Plutarch. Plutarch's Lives, Vol. XI. Perrin, Bernadotte, translator. Cambridge, MA: Harvard University Press; London: William Heinemann Ltd., 1926.

So Paulinus argued, and Marius Celsus voted with him. Annius Gallus was not present, being under treatment for a fall from his horse, but Otho asked his advice by letter, and his counsel was not to hasten the battle, but to await the forces from Mysia, which were already on the march. Nevertheless, Otho would not listen to these counsels, and the day was carried by those who urged immediate battle.

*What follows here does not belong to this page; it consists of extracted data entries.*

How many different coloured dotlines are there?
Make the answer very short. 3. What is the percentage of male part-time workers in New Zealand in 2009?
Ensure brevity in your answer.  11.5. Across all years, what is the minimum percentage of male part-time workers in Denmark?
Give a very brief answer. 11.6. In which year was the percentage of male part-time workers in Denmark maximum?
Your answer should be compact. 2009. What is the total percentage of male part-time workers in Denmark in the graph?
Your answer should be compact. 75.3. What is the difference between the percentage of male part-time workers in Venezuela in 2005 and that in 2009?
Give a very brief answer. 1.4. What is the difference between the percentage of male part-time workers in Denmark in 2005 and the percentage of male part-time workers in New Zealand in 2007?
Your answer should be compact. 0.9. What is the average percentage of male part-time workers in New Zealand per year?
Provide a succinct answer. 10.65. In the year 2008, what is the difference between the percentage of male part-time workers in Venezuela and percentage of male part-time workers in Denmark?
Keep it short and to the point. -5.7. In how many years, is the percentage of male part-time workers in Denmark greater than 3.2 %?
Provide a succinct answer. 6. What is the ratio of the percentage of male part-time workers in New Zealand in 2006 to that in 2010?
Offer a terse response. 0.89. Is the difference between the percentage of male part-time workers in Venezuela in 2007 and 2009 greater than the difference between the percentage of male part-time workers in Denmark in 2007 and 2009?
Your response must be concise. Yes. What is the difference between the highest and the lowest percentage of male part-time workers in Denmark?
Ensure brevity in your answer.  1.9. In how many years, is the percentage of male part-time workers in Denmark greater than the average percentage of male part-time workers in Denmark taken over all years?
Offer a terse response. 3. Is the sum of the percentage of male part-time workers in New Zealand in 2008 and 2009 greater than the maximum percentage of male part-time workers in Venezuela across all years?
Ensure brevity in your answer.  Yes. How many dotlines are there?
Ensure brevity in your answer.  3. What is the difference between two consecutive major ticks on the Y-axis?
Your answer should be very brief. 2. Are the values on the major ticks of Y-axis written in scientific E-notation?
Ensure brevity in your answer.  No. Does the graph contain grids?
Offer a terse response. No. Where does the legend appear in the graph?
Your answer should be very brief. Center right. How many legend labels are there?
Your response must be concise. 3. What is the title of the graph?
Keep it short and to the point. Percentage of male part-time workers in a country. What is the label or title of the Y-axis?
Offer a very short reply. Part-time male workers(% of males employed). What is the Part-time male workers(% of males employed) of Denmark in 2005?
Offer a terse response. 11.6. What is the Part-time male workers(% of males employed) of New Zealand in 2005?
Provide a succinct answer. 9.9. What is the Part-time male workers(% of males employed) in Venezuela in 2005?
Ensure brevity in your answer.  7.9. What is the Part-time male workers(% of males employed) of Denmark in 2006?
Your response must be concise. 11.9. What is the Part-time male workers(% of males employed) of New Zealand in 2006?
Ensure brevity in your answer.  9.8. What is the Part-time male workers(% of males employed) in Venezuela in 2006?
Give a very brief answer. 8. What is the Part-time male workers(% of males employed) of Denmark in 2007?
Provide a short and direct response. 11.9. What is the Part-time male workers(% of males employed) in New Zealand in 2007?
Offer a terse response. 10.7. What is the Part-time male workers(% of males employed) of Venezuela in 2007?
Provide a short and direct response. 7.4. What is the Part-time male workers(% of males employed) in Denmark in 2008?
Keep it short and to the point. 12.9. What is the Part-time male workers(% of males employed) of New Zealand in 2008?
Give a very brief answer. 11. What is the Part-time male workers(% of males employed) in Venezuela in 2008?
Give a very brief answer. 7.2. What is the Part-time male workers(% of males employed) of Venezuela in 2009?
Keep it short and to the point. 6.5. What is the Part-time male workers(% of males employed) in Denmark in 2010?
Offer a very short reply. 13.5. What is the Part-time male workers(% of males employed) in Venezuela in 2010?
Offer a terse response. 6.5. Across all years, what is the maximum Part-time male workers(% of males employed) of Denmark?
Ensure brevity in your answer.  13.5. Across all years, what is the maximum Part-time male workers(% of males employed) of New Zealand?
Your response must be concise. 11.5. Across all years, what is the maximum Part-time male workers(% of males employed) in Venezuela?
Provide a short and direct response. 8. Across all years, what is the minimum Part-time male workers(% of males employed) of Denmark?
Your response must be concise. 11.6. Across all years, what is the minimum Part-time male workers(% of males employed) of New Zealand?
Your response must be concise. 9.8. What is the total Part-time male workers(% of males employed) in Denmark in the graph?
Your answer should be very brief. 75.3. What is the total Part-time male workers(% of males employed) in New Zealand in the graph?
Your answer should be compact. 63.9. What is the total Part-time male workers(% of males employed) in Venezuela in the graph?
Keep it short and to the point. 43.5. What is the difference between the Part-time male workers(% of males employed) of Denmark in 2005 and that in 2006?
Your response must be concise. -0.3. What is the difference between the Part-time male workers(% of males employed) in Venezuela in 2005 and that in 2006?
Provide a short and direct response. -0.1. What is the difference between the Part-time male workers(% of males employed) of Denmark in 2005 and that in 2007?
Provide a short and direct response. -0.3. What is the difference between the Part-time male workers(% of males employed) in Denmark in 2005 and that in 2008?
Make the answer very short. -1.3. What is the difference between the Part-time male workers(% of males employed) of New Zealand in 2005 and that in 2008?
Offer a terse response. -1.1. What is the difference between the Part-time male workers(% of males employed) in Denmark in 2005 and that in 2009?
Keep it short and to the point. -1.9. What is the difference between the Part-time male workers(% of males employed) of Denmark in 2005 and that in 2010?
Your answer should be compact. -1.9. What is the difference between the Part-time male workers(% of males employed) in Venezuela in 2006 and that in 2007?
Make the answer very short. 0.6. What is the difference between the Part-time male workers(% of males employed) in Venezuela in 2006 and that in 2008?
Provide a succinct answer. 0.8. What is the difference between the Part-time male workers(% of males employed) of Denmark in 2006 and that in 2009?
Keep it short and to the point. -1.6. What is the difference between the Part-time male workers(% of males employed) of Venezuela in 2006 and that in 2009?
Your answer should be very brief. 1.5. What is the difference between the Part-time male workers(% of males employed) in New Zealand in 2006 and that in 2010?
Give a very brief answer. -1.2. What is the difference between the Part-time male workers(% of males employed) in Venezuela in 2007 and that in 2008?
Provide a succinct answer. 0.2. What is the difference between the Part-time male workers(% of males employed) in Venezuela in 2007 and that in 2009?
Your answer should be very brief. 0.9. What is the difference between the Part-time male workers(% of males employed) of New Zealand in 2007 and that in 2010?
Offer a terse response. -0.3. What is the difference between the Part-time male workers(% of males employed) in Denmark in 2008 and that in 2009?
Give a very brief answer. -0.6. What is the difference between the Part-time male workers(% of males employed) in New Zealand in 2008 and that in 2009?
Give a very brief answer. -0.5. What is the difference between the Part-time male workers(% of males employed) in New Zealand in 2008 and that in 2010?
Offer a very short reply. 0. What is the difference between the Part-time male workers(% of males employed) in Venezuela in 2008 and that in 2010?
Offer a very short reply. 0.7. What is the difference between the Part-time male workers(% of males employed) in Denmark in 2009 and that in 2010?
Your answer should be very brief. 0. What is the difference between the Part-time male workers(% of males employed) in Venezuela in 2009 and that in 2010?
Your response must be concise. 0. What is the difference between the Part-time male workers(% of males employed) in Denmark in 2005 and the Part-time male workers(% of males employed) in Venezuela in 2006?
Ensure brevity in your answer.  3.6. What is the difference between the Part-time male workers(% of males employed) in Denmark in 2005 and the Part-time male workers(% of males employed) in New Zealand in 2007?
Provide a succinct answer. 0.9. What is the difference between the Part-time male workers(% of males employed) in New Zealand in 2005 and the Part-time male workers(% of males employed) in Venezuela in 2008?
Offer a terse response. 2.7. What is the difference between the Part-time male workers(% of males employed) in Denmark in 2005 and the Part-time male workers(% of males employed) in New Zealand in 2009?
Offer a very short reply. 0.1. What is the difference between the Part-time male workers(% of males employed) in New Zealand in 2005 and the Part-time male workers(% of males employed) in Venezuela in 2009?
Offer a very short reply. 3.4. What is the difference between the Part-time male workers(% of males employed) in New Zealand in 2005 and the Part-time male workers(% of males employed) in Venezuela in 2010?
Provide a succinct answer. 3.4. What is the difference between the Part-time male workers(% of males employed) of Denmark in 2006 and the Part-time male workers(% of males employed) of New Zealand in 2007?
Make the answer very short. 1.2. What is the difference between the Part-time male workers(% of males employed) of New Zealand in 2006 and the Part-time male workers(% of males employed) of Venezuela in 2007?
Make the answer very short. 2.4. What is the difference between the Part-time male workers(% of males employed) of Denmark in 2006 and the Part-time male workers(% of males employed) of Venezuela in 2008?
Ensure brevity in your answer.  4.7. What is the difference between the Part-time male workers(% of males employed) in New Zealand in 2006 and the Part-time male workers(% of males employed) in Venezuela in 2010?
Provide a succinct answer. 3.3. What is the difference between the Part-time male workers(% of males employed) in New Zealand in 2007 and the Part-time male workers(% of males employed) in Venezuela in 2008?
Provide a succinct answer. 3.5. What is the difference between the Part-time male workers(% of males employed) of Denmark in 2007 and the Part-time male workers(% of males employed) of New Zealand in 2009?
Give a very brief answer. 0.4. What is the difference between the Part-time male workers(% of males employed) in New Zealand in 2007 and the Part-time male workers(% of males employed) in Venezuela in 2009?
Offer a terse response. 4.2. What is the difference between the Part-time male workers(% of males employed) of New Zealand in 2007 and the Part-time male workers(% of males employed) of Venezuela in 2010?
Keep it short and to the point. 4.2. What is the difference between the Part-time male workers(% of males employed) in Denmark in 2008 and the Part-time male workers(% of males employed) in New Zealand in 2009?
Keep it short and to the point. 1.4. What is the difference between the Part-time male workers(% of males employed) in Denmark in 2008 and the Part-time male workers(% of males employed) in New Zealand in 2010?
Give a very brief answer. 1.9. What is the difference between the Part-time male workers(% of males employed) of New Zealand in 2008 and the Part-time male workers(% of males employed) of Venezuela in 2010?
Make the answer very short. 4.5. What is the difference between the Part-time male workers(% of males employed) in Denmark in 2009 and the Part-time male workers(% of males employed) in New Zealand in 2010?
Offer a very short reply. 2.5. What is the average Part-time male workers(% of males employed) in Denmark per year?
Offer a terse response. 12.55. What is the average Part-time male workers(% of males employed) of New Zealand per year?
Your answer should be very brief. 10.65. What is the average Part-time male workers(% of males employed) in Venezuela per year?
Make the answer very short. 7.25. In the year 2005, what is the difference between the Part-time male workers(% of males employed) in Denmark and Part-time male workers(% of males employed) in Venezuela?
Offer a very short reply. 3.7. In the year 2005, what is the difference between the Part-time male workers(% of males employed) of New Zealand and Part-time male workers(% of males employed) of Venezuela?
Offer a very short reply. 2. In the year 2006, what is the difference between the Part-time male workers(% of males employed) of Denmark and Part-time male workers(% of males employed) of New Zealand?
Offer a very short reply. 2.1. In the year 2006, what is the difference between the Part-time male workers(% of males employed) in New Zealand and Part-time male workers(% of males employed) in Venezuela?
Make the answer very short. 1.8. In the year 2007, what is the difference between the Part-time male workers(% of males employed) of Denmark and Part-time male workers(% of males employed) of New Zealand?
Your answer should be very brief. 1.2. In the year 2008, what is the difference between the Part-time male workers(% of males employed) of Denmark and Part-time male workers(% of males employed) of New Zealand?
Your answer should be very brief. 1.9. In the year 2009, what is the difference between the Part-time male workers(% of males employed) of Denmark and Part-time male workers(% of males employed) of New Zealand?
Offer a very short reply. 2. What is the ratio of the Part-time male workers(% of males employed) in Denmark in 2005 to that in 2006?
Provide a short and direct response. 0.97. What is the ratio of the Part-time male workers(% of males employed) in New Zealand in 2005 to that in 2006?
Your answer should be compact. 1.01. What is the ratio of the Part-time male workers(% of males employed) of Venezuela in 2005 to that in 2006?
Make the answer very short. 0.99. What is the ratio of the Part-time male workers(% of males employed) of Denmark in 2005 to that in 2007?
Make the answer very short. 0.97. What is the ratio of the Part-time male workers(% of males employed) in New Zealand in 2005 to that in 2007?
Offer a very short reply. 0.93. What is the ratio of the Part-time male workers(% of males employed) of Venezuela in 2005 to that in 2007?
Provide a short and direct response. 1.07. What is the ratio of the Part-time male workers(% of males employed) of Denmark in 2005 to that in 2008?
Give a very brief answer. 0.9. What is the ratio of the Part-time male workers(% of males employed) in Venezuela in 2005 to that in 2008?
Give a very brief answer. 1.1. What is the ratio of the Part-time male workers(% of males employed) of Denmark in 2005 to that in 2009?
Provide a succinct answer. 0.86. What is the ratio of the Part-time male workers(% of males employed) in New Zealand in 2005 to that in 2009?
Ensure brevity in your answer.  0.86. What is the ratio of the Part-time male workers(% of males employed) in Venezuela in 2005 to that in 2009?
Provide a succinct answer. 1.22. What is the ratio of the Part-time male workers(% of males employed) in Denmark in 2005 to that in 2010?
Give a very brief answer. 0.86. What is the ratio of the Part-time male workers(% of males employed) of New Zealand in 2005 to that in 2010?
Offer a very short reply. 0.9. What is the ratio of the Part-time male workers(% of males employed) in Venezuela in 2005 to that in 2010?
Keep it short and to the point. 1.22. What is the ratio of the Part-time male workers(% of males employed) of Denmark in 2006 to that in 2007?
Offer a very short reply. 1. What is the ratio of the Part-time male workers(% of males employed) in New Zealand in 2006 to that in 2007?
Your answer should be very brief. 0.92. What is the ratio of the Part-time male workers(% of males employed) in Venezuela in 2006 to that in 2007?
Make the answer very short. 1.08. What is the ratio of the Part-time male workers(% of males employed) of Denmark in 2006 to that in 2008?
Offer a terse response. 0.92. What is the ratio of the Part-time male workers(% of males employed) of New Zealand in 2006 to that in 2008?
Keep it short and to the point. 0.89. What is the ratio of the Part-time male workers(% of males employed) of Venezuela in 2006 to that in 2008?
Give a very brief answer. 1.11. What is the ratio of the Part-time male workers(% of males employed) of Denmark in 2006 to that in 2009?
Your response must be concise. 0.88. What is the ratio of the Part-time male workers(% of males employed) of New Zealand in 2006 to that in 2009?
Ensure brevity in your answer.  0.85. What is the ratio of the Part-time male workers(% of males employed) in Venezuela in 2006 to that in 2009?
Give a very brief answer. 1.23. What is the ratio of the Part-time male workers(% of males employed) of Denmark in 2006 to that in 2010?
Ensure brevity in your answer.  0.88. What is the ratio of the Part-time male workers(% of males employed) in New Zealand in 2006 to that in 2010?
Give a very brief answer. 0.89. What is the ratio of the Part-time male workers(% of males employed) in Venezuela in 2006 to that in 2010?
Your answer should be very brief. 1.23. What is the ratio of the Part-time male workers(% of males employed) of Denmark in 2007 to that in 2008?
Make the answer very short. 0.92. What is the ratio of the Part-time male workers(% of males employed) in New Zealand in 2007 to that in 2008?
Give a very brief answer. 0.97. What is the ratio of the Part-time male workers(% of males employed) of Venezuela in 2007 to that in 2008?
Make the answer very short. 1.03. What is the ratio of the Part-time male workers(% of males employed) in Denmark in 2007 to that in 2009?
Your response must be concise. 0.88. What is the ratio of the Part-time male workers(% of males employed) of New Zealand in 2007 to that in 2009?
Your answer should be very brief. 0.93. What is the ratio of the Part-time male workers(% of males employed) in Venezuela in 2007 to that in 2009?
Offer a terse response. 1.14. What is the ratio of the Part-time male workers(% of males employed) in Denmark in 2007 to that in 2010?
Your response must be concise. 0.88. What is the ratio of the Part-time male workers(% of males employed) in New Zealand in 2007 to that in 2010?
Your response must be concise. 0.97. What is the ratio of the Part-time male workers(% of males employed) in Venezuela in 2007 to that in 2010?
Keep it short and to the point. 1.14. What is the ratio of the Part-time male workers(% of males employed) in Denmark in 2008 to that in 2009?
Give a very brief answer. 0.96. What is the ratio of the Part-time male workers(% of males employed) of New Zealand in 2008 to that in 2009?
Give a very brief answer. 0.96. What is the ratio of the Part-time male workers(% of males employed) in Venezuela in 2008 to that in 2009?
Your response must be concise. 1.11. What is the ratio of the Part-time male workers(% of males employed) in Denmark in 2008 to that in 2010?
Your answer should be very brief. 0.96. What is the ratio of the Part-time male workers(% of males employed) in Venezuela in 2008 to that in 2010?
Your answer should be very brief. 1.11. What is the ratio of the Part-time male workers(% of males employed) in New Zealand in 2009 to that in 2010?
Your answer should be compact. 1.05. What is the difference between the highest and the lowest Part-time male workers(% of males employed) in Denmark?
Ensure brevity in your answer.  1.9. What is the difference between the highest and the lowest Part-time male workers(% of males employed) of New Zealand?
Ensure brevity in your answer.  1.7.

Various other reasons for this are given by various writers; but manifestly the praetorian soldiers, as they were called, who served as the emperor’s guards, since they were now getting a more generous taste of real military service and longed for their accustomed life of diversion at Rome in which festivals abounded and war was unknown, could not be restrained, but were eager for the battle, feeling sure that at the very first onset they would overwhelm their opponents.

Moreover, it would seem that Otho himself could not longer bear up against the uncertainty of the issue, nor endure (so effeminate was he and so unused to command) his own thoughts of the dire peril confronting him; but worn out by his anxieties, he veiled his eyes, like one about to leap from a precipice, and hastened to commit his cause to fortune.